Stored data
+ + + + + + +

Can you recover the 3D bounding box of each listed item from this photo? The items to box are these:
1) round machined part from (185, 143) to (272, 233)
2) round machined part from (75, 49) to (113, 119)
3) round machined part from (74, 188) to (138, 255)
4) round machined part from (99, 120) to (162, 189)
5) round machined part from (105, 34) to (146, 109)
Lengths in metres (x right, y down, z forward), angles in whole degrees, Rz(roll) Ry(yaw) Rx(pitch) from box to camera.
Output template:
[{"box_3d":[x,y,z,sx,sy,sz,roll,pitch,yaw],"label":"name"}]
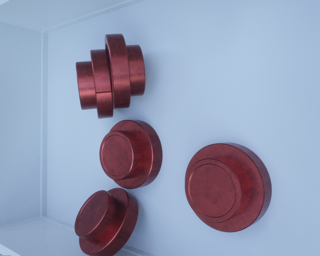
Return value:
[{"box_3d":[0.067,0.066,0.341,0.098,0.042,0.097,0,90,40],"label":"round machined part"},{"box_3d":[-0.094,-0.061,0.440,0.098,0.042,0.097,174,89,-78],"label":"round machined part"},{"box_3d":[-0.080,0.126,0.430,0.098,0.042,0.098,-33,32,25],"label":"round machined part"},{"box_3d":[-0.048,0.037,0.435,0.098,0.042,0.097,0,90,40],"label":"round machined part"},{"box_3d":[-0.047,-0.076,0.414,0.098,0.042,0.097,174,89,-78],"label":"round machined part"}]

+ + + + + + +

* [Problem to work on] Retype the entries verbatim and drop the pictures.

* [Result for this task]
Can you recover the 3D bounding box of each listed item from this photo? The items to box are these:
1) round machined part from (185, 143) to (272, 233)
2) round machined part from (75, 49) to (113, 119)
3) round machined part from (74, 188) to (138, 255)
4) round machined part from (99, 120) to (162, 189)
5) round machined part from (105, 34) to (146, 109)
Lengths in metres (x right, y down, z forward), angles in whole degrees, Rz(roll) Ry(yaw) Rx(pitch) from box to camera.
Output template:
[{"box_3d":[x,y,z,sx,sy,sz,roll,pitch,yaw],"label":"name"}]
Return value:
[{"box_3d":[0.067,0.066,0.341,0.098,0.042,0.097,0,90,40],"label":"round machined part"},{"box_3d":[-0.094,-0.061,0.440,0.098,0.042,0.097,174,89,-78],"label":"round machined part"},{"box_3d":[-0.080,0.126,0.430,0.098,0.042,0.098,-33,32,25],"label":"round machined part"},{"box_3d":[-0.048,0.037,0.435,0.098,0.042,0.097,0,90,40],"label":"round machined part"},{"box_3d":[-0.047,-0.076,0.414,0.098,0.042,0.097,174,89,-78],"label":"round machined part"}]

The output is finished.